* _TASK OBJECTIVE_
Omitting the pictures, output all of the records precisely as written.

* _INPUT_
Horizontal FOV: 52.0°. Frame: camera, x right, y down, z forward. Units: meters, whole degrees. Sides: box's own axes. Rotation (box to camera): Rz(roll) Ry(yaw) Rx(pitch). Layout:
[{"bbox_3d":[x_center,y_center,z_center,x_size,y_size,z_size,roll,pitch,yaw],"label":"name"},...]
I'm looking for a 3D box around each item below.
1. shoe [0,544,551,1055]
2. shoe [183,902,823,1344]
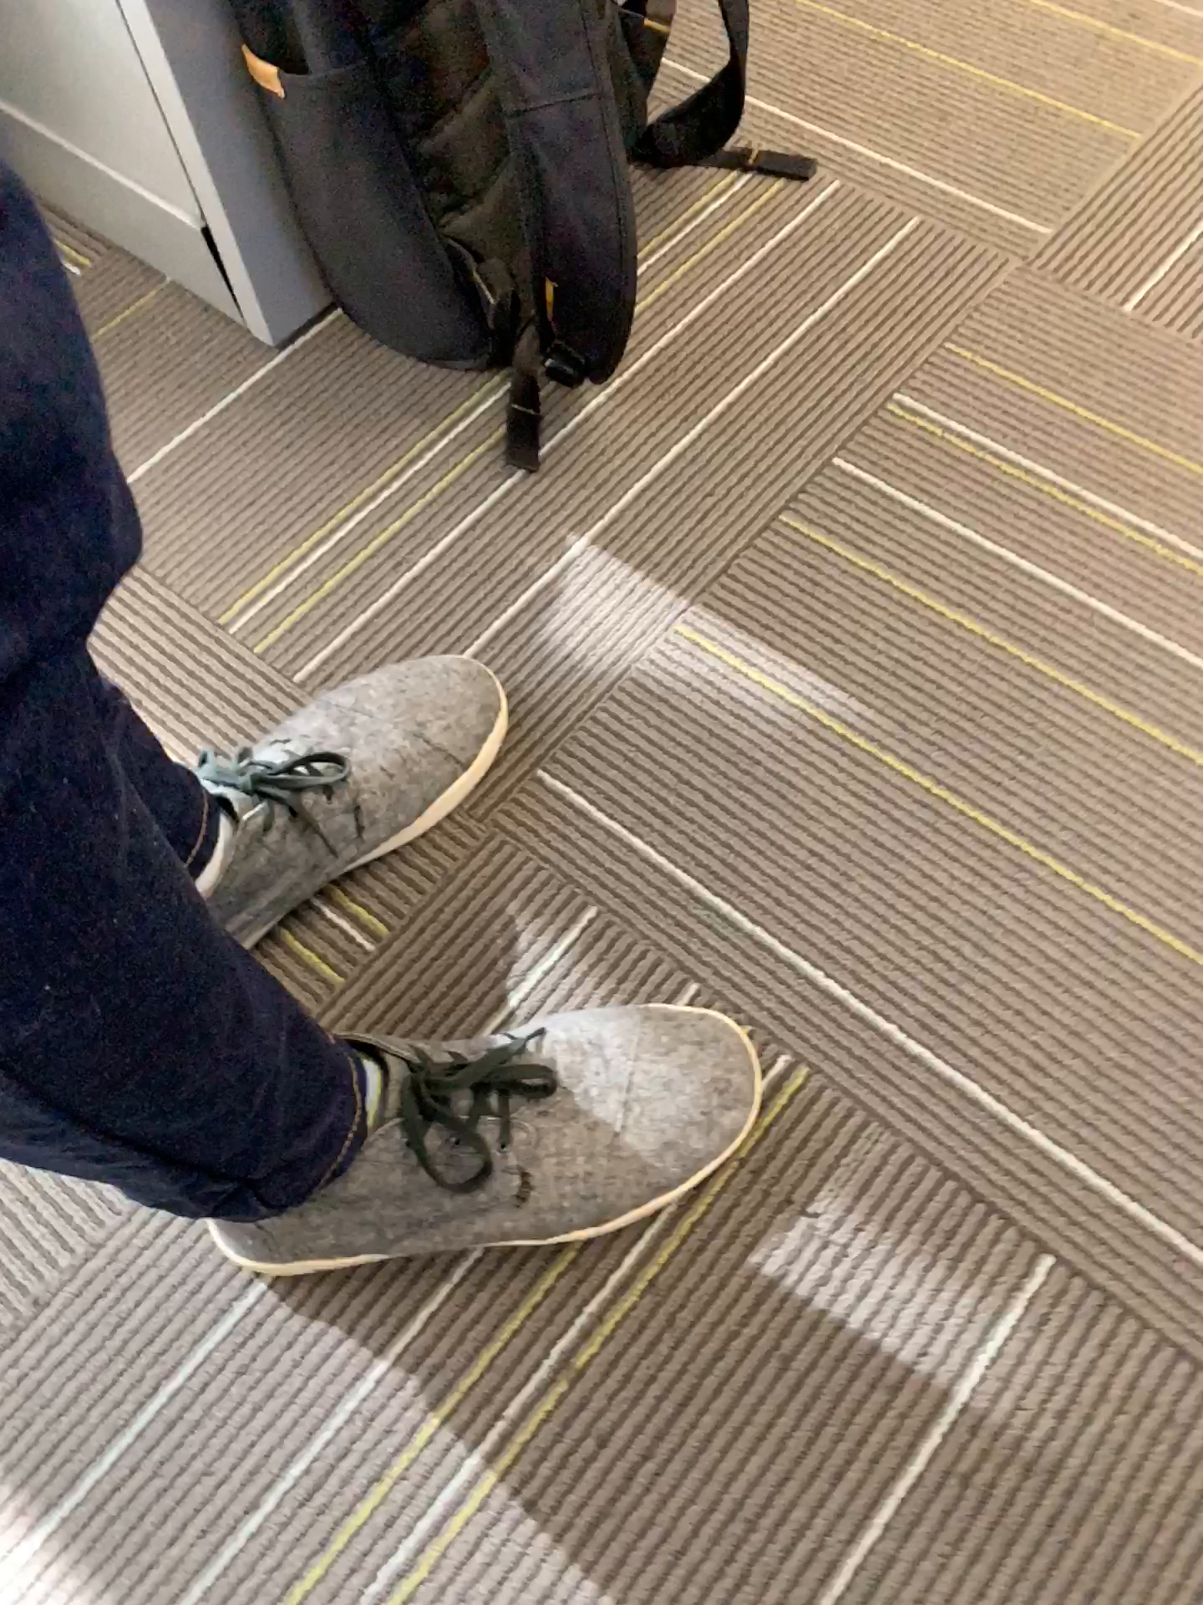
[{"bbox_3d":[-0.191,-0.008,0.755,0.301,0.087,0.134,-41,66,-16],"label":"shoe"},{"bbox_3d":[-0.051,0.169,0.650,0.299,0.087,0.134,-15,62,-2],"label":"shoe"}]

* _RESPONSE AREA_
Horizontal FOV: 52.0°. Frame: camera, x right, y down, z forward. Units: meters, whole degrees. Sides: box's own axes. Rotation (box to camera): Rz(roll) Ry(yaw) Rx(pitch). Layout:
[{"bbox_3d":[x_center,y_center,z_center,x_size,y_size,z_size,roll,pitch,yaw],"label":"name"},...]
I'm looking for a 3D box around each item below.
1. shoe [0,544,551,1055]
2. shoe [183,902,823,1344]
[{"bbox_3d":[-0.191,-0.008,0.755,0.301,0.087,0.134,-41,66,-16],"label":"shoe"},{"bbox_3d":[-0.051,0.169,0.650,0.299,0.087,0.134,-15,62,-2],"label":"shoe"}]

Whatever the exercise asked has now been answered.